Based on these issues, the company's valuation cannot be particularly high unless there is sustained high-speed growth in performance. However, as seen in the income statement, the growth rate in recent quarters is slowing down.

If the significant short-term stimulus from GLP-1 cannot boost the company's growth rate, a valuation correction is very likely. Even if GLP-1 brings short-term performance growth, it is just making quick money. The current growth of the company is probably still relying on the penetration of those patients with hidden health issues who have not yet used the company's platform The key point is that the contribution of the new business to the company's performance is unclear. It is crucial to disclose the growth rate of business excluding erectile dysfunction (ED) and hair loss, which is key.

In the long term, what is more crucial in suppressing valuation is the FDA's qualitative assessment of this medical model and the clearance of legal risks, including whether it can be covered by medical insurance, which is very important. Once these factors are eliminated, the company should see a significant increase, rather than just a 20% increase based on a weight loss drug.

V. Conclusion

The company's greatest hope lies in continuing to expand the high-end generic drug sales model based on its current advantages. After all, the current generic drug industry is really poor. Is there no better way for companies to make money in such a crucial sector?

Currently, HIMS has accumulated a large number of consumers and brand recognition. Therefore, in the future, when exploring new competition in generic drugs, such as facing Huizhi or Teva, it can also have a brand premium ahead of others.

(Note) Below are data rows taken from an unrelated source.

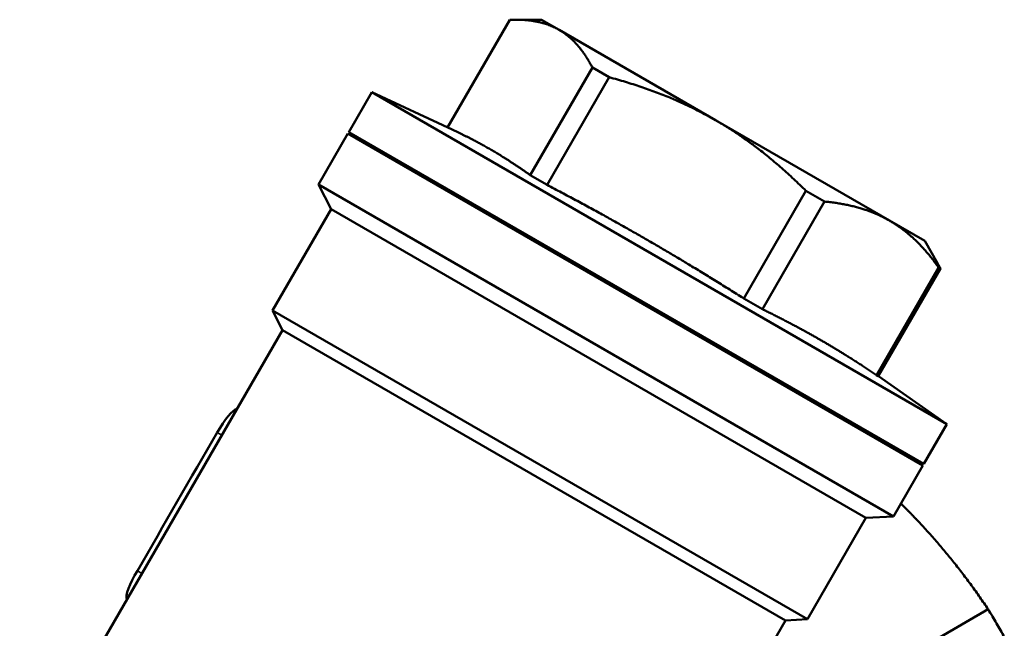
# Model space of a CAD drawing. Header units: millimetres. Extents: x 34 to 197, y 81 to 262.
# Tile 5 of 10: x 140 to 194, y 130 to 163. Entities that reach past the tile are written whole.
import ezdxf

# ---------------------------------------------------------------- set-up
doc = ezdxf.new("R2010")
doc.units = ezdxf.units.MM
doc.layers.add('Видимые тонкие (ГОСТ)', color=7, linetype='Continuous', lineweight=35)
doc.layers.add('Видимый контур (ГОСТ)', color=7, linetype='Continuous', lineweight=50)

msp = doc.modelspace()

# ---------------------------------------------------------------- linework, layer by layer
at = {"layer": 'Видимые тонкие (ГОСТ)'}
for p, q in [((151.251, 140.858), (151.005, 141)), ((146.918, 133.354), (146.669, 133.498))]:
    msp.add_line(p, q, dxfattribs=at)
at = {"layer": 'Видимый контур (ГОСТ)'}
for p, q in [((163.496, 157.541), (166.865, 163.377)), ((168.586, 163.384), (167.186, 163.384)), ((169.54, 162.833), (168.586, 163.384)), ((178.025, 157.934), (169.54, 162.833)), ((167.978, 154.952), (171.348, 160.789)), ((171.348, 160.789), (172.258, 160.263)), ((168.888, 154.426), (172.258, 160.263)), ((158.14, 157.29), (159.39, 159.455)), ((190.567, 141.455), (159.39, 159.455)), ((163.746, 157.424), (159.39, 159.455)), ((187.464, 152.485), (178.025, 157.934)), ((158.09, 157.204), (156.499, 154.449)), ((158.09, 157.204), (189.267, 139.204)), ((189.317, 139.29), (158.14, 157.29)), ((167.978, 154.952), (168.888, 154.426)), ((156.499, 154.449), (187.676, 136.449)), ((157.172, 153.115), (156.499, 154.449)), ((179.555, 148.268), (182.925, 154.105)), ((182.925, 154.105), (183.938, 153.52)), ((180.568, 147.683), (183.938, 153.52)), ((157.172, 153.115), (154, 147.62)), ((157.172, 153.115), (186.184, 136.365)), ((189.371, 151.384), (187.464, 152.485)), ((189.371, 151.384), (190.071, 150.171)), ((186.753, 144.112), (190.123, 149.949)), ((186.855, 144.053), (190.225, 149.89)), ((190.123, 149.949), (190.225, 149.89)), ((179.555, 148.268), (180.568, 147.683)), ((154, 147.62), (183.012, 130.87)), ((154.538, 146.552), (154, 147.62)), ((154.538, 146.552), (140.288, 121.871)), ((154.538, 146.552), (181.818, 130.802)), ((186.753, 144.112), (186.855, 144.053)), ((186.856, 144.054), (190.567, 141.455)), ((189.317, 139.29), (190.567, 141.455)), ((189.267, 139.204), (187.676, 136.449)), ((186.184, 136.365), (183.012, 130.87)), ((186.184, 136.365), (187.676, 136.449)), ((182.701, 125.569), (192.812, 131.406)), ((181.818, 130.802), (183.012, 130.87)), ((181.818, 130.802), (174.198, 117.603))]:
    msp.add_line(p, q, dxfattribs=at)
for centre, start, end in [((159.583, 156.462), 150.5554, 163.81), ((187.878, 140.126), 316.19, 329.4446)]:
    msp.add_arc(centre, 0.437, start, end, dxfattribs=at)
for points, weights in [([(169.54, 162.833), (168.485, 163.442), (166.865, 163.377)], [1, 1.03194715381, 1.00227287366]), ([(171.348, 160.789), (170.594, 162.224), (169.54, 162.833)], [1.00227287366, 1.03194715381, 1]), ([(178.025, 157.934), (175.515, 159.383), (172.258, 160.263)], [1, 1.03194715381, 1.00227287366]), ([(182.925, 154.105), (180.535, 156.485), (178.025, 157.934)], [1.00227287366, 1.03194715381, 1]), ([(165.802, 156.36), (164.849, 156.91), (163.746, 157.424)], [1.23455829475, 1.23455829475, 1.17519870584]), ([(167.978, 154.952), (166.857, 155.751), (165.802, 156.36)], [1.16193721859, 1.23455829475, 1.23455829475]), ([(174.287, 151.461), (171.777, 152.91), (168.888, 154.426)], [1.23455829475, 1.23455829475, 1.16193721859]), ([(187.464, 152.485), (186.008, 153.325), (183.938, 153.52)], [1, 1.03194715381, 1.00227287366]), ([(190.123, 149.949), (188.919, 151.644), (187.464, 152.485)], [1.00227287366, 1.03194715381, 1]), ([(179.555, 148.268), (176.797, 150.011), (174.287, 151.461)], [1.16193721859, 1.23455829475, 1.23455829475]), ([(190.071, 150.171), (190.149, 150.036), (190.225, 149.89)], [1.00752869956, 1.00520073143, 1.00227287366]), ([(183.726, 146.011), (182.271, 146.851), (180.568, 147.683)], [1.0625, 1.0625, 1]), ([(186.753, 144.112), (185.181, 145.171), (183.726, 146.011)], [1, 1.0625, 1.0625]), ([(188.972, 136.23), (188.535, 136.692), (188.077, 137.143)], [1, 1.00634337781, 1.01136668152]), ([(192.812, 131.406), (191.062, 134.024), (188.972, 136.23)], [1.03047006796, 1.03108395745, 1])]:
    msp.add_rational_spline(points, weights, degree=2, dxfattribs=at)
for points in [[(152.068, 142.273), (151.828, 142.243), (151.412, 141.703), (151.005, 141)], [(151.005, 141), (149.56, 138.499), (148.115, 135.999), (146.669, 133.498)], [(146.669, 133.498), (146.257, 132.784), (145.993, 132.145), (146.095, 131.928)]]:
    msp.add_open_spline(points, degree=3, dxfattribs=at)
msp.add_open_spline([(193.688, 129.891), (193.549, 130.146), (193.408, 130.397), (193.118, 130.898), (192.967, 131.152), (192.812, 131.406)], degree=3, knots=[4.3303985, 4.3303985, 4.3303985, 4.3303985, 4.4161824, 4.4161824, 4.5041059, 4.5041059, 4.5041059, 4.5041059], dxfattribs=at)

doc.saveas('drawing.dxf')

There are many chronic disease generic drugs to profit from, and there are competitors with similar models. However, looking at the performance over the past few years, it has indeed left imitators far behind.

Based on policy concerns, the company's valuation should not be very high in the long term. However, as a conceptually leading high-profit margin generic drug brand in the long term, the current market value is too small. With a market value of 4 billion, even if it triples, it is not considered high. Having long-term vision is valuable, so the company is still a high-risk investment target. Looking at the company's growth experience, it is also evident that the future lies in the branding of generic drugs and humanizing medical care.